- Born: April 19, 1939 Oliveira do Bairro, Portugal
- Other names: Maria Helena Martins dos Santos Pato Noales Rodrigues
- Occupation: Mathematics teacher
- Known for: Writer; Opponent of authoritarian Estado Novo Government; Political prisoner
- Notable work: A noite mais longa de todas as noites, 1926-1974 (The Longest Night of all)

= Helena Pato =

Portuguese communist and political prisoner

Helena Pato (born 19 April 1939) was a mathematics teacher, a communist opponent of Portugal's Estado Novo regime and a union leader. She was one of the founders of the Women's Democratic Movement in opposition to the Estado Novo and was held as a political prisoner for 6 months. She has authored three books on her experiences at that time and has also written books on education.

==Early life==
Maria Helena Martins dos Santos Pato Noales Rodrigues was born in 1939 in Mamarrosa, in the municipality of Oliveira do Bairro in the Aveiro District of Portugal, the daughter of a primary school teacher and an agronomist.
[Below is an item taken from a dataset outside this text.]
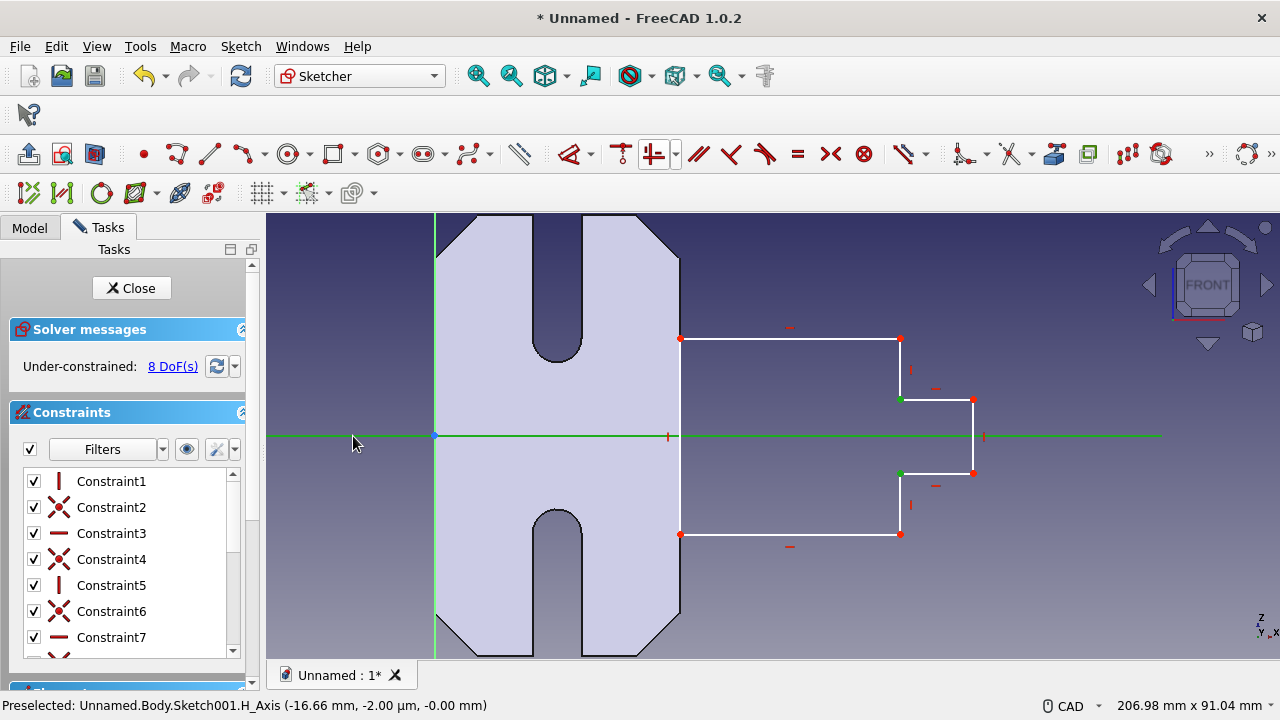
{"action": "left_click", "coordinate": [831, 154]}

She grew up in the Portuguese capital of Lisbon with her parents and twin brothers. At school she recalls being taught and influenced by Maria de Lourdes Pintasilgo, a future Portuguese prime minister. In 1956, she joined the Faculty of Sciences at the University of Lisbon. With left-wing views obtained from her father, and having experienced poverty at first hand while working with the Society of Saint Vincent de Paul on Sundays, her political activity began at the university when she joined the youth wing of the Movement of Democratic Unity (MUD), a quasi-legal platform of democratic organizations that opposed the Estado Novo. She was also the president of the Students' Association of the Faculty of Sciences in 1960. While at university, she was friendly with Paulo Jorge, a future foreign minister of Angola, with whom she discussed anti-colonialism and played table tennis.
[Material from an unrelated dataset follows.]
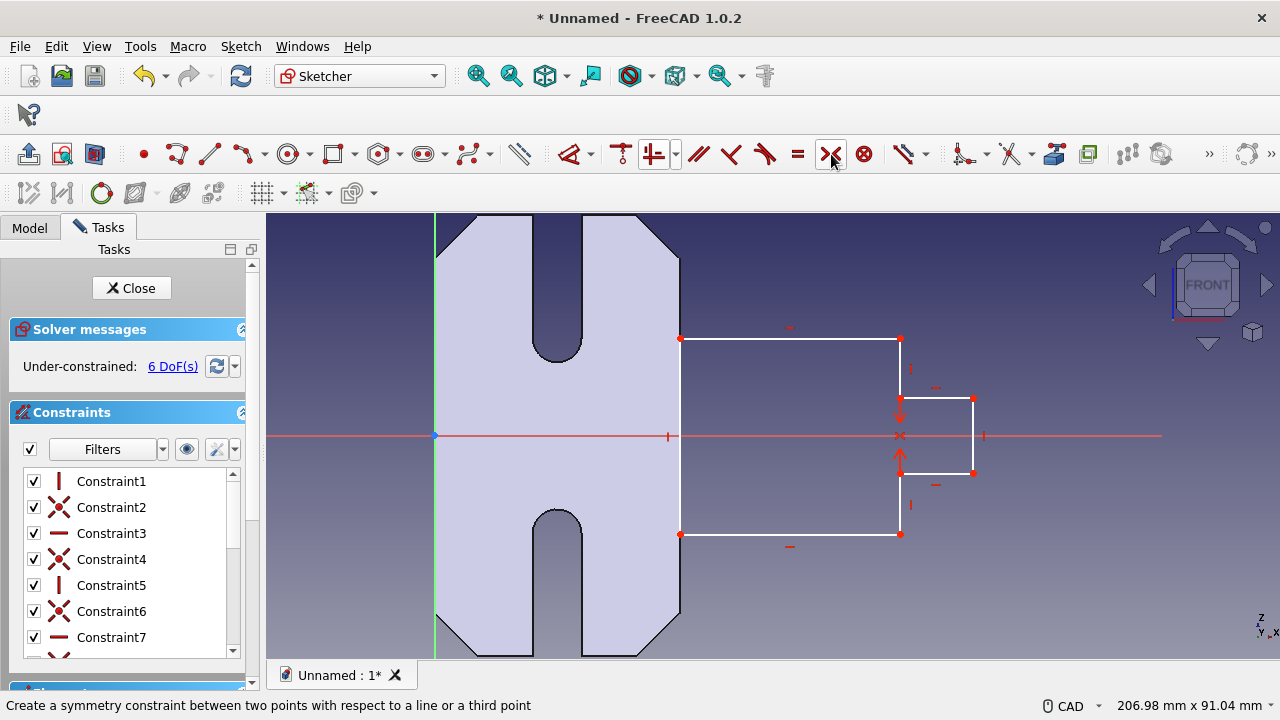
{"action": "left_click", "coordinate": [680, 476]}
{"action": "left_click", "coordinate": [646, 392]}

In May 1962 she was briefly arrested following a large student protest. In the same year she followed into exile in Paris her husband, Alfredo Nolaes, a journalist and student leader, who she had married in 1960. Nolaes, who would die of lymphoma in 1965, had been previously arrested in 1958 by the PIDE, the International and State Defence Police, (Polícia Internacional e de Defesa do Estado), which was an agency nominally in charge of immigration and emigration control and internal and external State security, but which over time came to be known for its secret police activities. The PIDE permitted him to return to Portugal only when the doctors who treated him declared in writing that he was only a month from death. In Paris, they had met with other communist exiles, such as Maria Lamas, António José Saraiva and Stella Piteira Santos.

==Arrest==
Pato had joined the Portuguese Communist Party in 1962, having waited some time to be accepted as a member, because of the need to prove her loyalty to the party. Returning to Portugal after her husband's death, she was part of the early efforts to establish the National Commission for Relief for Political Prisoners (Comissão Nacional de Socorro aos Presos Políticos - CNSPP), together with Maria Eugénia Varela Gomes, Aida Paula and others. They collected money for the prisoners and organised petitions for their release. She, herself, was arrested in June 1967 by the PIDE which had intercepted a phone call from another communist party member asking for her help to dispose of a suitcase full of explosives. She had already been under investigation for her involvement in the creation of the Movimento Democrático de Mulheres (Women's Democratic Movement). Pato was held in isolation at Caxias prison near Lisbon and was subjected to sleep torture. She was released in November of the same year. Eight days after being released, the River Tagus flooded north of Lisbon, killing 700 people. Pato joined the rescue mission.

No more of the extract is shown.